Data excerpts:
——
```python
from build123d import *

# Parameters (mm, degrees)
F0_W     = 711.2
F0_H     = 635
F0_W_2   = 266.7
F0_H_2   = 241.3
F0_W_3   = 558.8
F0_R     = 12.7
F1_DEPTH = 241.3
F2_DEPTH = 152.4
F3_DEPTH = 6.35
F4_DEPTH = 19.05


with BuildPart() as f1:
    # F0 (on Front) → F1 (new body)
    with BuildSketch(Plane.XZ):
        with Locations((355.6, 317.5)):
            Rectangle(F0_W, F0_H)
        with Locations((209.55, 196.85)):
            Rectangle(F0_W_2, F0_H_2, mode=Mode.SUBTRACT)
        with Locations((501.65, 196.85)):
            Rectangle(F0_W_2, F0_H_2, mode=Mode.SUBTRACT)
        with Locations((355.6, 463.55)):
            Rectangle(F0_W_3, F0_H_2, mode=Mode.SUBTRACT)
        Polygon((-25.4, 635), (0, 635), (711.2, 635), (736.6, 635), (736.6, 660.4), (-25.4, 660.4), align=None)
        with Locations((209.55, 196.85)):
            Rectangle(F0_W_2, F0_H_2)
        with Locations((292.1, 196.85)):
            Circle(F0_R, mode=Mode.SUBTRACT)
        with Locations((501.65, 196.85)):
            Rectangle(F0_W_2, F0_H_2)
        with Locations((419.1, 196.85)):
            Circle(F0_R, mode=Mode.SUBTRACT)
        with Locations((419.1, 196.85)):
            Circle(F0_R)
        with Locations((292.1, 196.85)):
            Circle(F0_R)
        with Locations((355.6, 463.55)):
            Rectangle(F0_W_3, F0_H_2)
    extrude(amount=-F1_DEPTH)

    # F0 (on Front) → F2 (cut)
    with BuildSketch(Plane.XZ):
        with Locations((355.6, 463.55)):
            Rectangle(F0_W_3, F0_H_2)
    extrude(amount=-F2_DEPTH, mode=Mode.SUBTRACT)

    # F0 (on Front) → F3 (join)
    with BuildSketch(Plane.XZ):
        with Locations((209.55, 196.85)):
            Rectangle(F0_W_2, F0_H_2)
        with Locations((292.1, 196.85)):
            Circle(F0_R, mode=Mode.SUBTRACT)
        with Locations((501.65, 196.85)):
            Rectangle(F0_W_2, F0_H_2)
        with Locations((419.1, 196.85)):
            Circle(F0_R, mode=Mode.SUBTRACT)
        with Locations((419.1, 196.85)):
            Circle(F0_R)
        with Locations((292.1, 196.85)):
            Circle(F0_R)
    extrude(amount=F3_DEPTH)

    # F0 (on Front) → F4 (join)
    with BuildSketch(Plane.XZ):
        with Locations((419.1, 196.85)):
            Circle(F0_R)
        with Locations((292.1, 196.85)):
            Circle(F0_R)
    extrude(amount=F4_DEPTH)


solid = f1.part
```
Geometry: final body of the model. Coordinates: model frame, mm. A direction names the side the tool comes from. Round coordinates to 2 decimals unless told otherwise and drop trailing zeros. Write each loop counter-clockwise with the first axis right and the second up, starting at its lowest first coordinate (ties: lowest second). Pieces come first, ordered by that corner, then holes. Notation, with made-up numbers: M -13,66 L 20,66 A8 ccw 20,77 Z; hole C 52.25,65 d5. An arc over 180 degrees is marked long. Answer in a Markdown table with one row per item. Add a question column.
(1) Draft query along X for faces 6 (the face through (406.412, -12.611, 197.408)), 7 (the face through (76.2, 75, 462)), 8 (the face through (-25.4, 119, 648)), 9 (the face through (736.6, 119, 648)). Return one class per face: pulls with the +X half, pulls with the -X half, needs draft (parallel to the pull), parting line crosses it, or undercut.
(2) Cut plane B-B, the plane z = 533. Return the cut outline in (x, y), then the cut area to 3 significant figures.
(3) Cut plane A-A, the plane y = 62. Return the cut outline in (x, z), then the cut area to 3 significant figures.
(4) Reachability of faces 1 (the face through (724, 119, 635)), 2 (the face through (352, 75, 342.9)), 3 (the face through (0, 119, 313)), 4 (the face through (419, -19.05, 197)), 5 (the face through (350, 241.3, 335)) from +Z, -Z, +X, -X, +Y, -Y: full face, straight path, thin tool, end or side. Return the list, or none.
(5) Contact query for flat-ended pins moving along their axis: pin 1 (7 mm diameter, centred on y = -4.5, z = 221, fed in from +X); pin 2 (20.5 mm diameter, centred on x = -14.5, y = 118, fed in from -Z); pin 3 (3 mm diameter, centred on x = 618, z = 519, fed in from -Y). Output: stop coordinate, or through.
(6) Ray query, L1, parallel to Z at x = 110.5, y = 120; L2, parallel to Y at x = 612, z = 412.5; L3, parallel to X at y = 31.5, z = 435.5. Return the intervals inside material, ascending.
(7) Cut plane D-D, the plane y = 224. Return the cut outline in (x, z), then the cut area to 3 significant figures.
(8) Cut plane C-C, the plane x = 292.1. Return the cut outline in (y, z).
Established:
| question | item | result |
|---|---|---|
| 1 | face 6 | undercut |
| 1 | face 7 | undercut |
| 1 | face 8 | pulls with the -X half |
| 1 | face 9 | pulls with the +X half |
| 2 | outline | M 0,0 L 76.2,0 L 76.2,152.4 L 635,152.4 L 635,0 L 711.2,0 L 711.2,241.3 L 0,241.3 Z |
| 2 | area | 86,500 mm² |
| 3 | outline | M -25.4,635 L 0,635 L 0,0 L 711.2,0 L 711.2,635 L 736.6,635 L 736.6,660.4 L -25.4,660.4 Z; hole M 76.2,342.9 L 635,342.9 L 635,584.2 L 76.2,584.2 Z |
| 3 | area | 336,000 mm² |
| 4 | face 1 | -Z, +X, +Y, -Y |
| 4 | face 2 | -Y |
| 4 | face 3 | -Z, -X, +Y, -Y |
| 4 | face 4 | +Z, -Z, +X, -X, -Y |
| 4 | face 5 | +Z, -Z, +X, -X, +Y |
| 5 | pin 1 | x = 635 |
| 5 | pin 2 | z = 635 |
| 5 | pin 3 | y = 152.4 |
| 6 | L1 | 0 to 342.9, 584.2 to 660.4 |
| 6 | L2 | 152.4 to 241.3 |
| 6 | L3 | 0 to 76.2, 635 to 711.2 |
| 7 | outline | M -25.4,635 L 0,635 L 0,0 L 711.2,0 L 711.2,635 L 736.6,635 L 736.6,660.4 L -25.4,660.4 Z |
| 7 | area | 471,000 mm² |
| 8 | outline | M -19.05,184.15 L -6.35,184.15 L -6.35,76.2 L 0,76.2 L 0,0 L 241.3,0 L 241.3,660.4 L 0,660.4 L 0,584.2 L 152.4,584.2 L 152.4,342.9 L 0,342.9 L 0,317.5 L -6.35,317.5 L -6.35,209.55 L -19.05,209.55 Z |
——
Task item:
Identify every line above that includes the word "join", and show those lines.

Response to the exercise:
    # F0 (on Front) → F3 (join)
    # F0 (on Front) → F4 (join)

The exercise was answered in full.